Directions:
Set down every record below exactly as it stands, minus the pictures.

── The data ──

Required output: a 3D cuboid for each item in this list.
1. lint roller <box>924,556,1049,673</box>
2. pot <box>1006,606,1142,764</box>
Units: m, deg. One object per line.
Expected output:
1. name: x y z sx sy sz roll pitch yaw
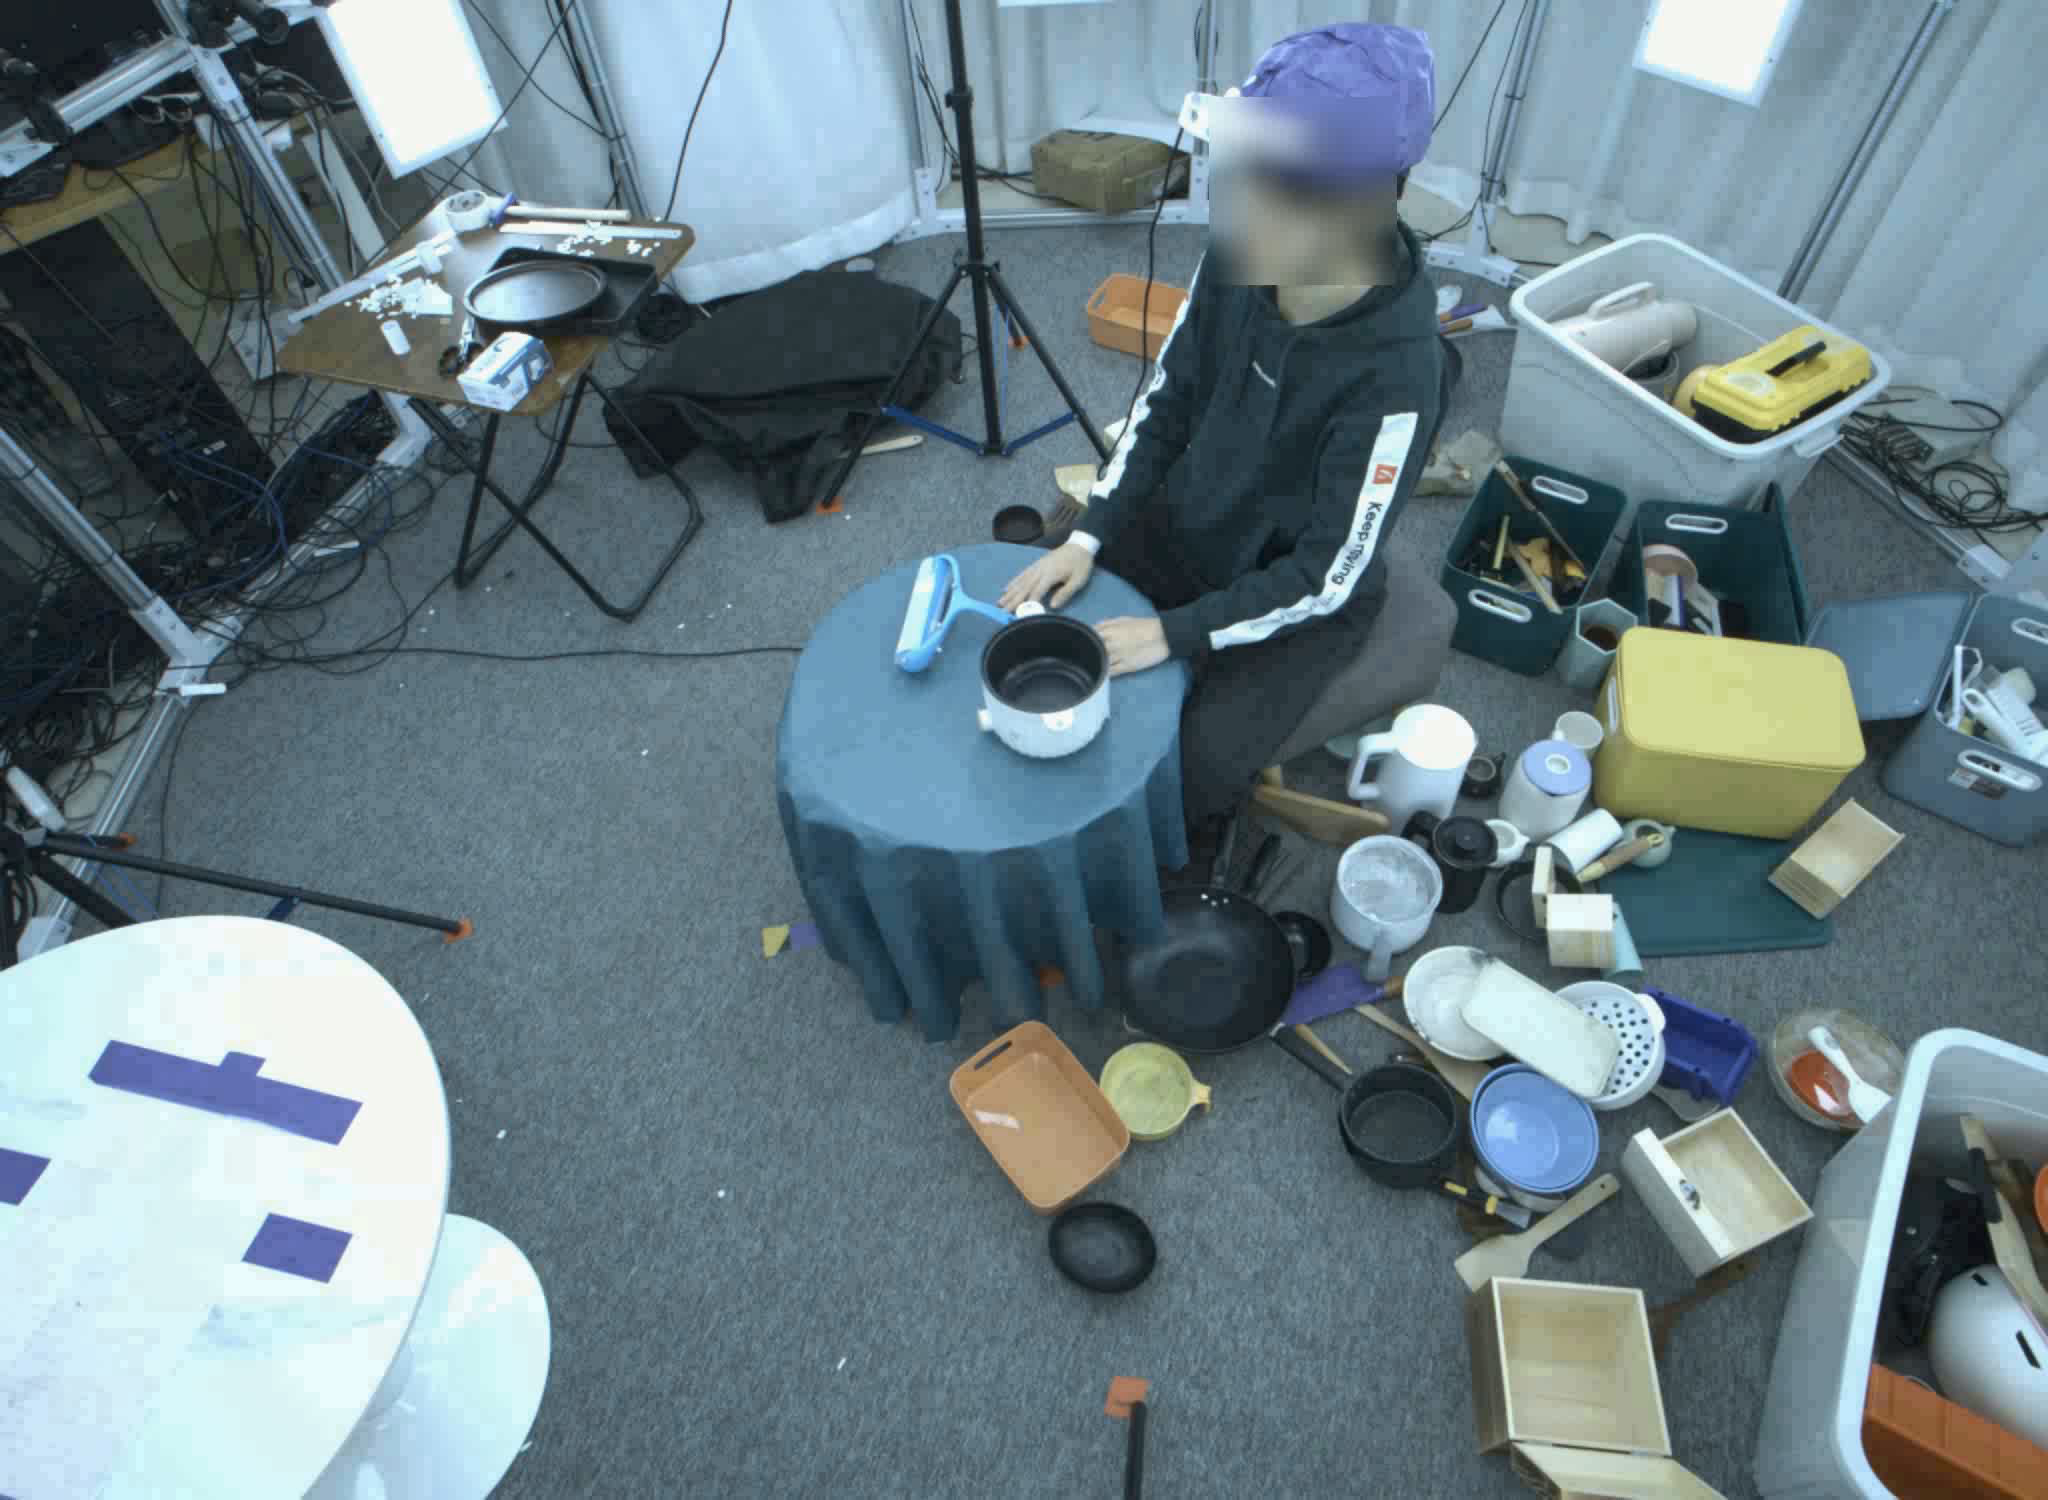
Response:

───

Expected answer:
Required output: a 3D cuboid for each item in this list.
1. lint roller <box>924,556,1049,673</box>
2. pot <box>1006,606,1142,764</box>
Units: m, deg. One object per line.
Expected output:
1. name: x y z sx sy sz roll pitch yaw
Response:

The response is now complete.